Providers generally struggled to see how external guidance on how to innovate or how to support innovative practice could be helpful in solving the challenges they faced; but a few suggested either funding, or work to address the wider challenges facing the OH sector.
1.4.3 Approaches to developing and maintaining OH knowledge
The most common methods OH providers used to develop and maintain knowledge were training, attending conferences and events, accessing journals and research papers, and informal networking and knowledge sharing. Many providers had a genuine motivation and felt a responsibility to stay up to date in the field, viewing this as a necessary part of providing a high-quality service.
Few providers had specific systems for developing and maintaining knowledge; most just pointed to regular attendance at conferences, keeping up with journals and guidance, and seeking to develop their knowledge as and when needs arose. A few providers referred to clinical staff keeping up to date with their continuing professional development (CPD) requirements, although this was managed by the individuals themselves.
Engagement with the wider OH sector was commonplace, with a general recognition that keeping in touch with other providers was a valuable practice. This mostly tended to be on an informal basis, likely facilitated by the relatively small size of the OH sector.
1.4.4 Challenges and barriers to developing and maintaining knowledge
Similar to innovation, the main challenge providers faced in developing and maintaining knowledge was balancing this with day-to-day service delivery. This was particularly notable in relation to attending conferences, events and external training as these not only required time away from core activities, but also usually cost money for attendance and travel (the frequency of these events taking place in London causing additional strain for providers based some distance from the capital). A few providers also cited as a barrier the focus within the sector on learning for staff with clinical backgrounds, leaving non-clinical staff with fewer networks and resources to tap into.
Few providers had identified specific ways of overcoming these challenges and barriers.
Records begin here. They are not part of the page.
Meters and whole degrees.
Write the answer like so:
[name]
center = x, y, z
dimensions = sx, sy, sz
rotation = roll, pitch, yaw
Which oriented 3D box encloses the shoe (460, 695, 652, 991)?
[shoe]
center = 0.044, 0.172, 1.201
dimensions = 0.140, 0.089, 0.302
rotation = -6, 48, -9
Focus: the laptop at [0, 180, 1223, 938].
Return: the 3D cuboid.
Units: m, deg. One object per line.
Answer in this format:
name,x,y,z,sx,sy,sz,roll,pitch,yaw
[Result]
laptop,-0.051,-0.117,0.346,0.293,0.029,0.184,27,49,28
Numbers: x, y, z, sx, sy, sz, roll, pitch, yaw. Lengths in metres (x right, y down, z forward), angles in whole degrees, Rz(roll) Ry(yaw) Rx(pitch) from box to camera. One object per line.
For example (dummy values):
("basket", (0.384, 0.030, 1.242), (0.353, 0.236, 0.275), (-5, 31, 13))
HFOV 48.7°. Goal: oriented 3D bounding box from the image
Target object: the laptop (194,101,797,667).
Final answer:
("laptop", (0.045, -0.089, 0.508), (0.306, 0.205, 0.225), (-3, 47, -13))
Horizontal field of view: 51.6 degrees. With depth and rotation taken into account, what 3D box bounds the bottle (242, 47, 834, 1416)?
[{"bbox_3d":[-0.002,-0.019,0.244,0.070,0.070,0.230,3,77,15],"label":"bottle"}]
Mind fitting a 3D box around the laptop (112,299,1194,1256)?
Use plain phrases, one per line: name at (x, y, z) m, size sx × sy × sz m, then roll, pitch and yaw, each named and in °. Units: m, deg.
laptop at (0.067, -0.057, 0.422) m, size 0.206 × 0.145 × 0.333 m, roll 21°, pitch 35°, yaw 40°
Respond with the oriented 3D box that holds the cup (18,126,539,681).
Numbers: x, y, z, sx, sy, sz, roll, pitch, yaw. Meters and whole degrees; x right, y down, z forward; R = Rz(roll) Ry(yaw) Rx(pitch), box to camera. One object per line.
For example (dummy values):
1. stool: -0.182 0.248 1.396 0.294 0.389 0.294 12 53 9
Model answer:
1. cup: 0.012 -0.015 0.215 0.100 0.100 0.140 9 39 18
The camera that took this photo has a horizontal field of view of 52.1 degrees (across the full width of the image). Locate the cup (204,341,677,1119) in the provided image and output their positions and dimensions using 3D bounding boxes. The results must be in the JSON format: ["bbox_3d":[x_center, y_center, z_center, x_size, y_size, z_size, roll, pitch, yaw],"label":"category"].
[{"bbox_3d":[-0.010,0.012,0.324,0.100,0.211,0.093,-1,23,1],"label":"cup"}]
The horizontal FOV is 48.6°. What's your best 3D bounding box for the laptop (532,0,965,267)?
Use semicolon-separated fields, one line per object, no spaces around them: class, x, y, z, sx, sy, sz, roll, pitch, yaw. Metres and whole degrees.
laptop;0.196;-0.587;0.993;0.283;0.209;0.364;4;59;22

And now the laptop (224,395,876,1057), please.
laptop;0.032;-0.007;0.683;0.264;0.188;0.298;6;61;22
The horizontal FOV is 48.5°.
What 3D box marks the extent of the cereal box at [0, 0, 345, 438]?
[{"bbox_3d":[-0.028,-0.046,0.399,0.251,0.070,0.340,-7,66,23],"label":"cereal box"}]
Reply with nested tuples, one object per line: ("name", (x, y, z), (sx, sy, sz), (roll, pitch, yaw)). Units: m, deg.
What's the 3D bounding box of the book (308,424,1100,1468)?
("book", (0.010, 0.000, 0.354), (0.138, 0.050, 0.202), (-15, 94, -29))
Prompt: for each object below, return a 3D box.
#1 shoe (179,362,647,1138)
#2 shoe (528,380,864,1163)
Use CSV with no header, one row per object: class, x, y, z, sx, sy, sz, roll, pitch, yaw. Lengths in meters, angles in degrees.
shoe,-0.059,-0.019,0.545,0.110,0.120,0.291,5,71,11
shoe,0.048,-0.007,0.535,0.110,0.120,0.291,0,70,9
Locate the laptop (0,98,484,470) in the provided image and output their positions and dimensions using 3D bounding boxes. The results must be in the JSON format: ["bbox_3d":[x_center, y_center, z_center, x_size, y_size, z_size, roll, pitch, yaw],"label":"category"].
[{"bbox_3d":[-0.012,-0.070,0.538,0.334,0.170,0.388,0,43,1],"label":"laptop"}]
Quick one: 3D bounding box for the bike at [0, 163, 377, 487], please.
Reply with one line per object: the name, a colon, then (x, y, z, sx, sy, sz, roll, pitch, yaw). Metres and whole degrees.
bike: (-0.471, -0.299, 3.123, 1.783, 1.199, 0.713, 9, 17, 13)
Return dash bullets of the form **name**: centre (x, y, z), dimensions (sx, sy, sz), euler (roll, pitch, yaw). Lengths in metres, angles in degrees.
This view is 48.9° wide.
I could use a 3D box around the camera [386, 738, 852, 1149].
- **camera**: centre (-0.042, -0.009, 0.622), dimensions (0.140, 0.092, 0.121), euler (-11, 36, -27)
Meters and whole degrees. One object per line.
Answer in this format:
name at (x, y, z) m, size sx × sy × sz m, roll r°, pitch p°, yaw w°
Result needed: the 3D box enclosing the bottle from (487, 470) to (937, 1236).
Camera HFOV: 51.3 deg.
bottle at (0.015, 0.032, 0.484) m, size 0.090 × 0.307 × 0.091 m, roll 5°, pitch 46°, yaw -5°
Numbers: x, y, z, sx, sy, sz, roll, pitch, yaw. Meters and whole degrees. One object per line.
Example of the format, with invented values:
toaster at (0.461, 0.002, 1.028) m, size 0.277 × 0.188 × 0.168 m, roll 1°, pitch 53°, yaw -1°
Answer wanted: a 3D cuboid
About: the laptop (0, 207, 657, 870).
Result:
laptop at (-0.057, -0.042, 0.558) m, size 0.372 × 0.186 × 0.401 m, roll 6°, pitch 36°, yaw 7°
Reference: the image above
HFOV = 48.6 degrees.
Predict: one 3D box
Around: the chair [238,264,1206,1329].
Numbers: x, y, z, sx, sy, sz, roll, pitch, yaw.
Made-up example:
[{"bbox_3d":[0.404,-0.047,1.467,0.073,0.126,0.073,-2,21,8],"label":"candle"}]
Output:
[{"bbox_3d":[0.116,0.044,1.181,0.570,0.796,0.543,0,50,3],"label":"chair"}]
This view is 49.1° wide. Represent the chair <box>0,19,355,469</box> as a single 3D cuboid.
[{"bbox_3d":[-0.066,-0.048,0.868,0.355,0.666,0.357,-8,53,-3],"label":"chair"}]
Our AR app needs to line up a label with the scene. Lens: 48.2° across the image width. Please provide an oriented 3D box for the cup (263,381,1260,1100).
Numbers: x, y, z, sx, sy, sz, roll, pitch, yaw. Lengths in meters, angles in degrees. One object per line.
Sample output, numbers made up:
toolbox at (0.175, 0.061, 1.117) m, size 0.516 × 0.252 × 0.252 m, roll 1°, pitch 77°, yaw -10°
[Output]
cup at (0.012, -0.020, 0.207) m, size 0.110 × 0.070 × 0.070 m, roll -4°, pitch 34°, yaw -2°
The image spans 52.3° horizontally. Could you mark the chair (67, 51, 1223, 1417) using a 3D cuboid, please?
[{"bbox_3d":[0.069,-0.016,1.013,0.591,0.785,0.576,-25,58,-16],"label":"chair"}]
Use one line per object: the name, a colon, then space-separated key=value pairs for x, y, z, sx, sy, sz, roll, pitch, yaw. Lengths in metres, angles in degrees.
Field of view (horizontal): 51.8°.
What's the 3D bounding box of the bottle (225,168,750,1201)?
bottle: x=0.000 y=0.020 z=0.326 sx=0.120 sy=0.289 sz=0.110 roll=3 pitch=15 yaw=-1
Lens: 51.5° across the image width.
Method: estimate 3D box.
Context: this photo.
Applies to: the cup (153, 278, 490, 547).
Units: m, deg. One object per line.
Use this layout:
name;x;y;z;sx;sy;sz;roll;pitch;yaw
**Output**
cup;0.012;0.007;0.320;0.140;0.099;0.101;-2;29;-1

There was a sense that such barriers were inevitable and hard to overcome, although one provider had found it effective to schedule dedicated time for knowledge development into monthly workloads; while another had reduced the expense of conference attendance by offering to speak at them.
Again, providers felt that solutions to the wider challenges facing the OH industry, such as addressing the lack of qualified OH professionals, would be most helpful in overcoming barriers to knowledge development. Providers also suggested financial grants for training and knowledge development; and an opening up of existing networks to non-clinical staff. They noted that regional or local networks and events may be of some benefit too, but these were not without their own challenges.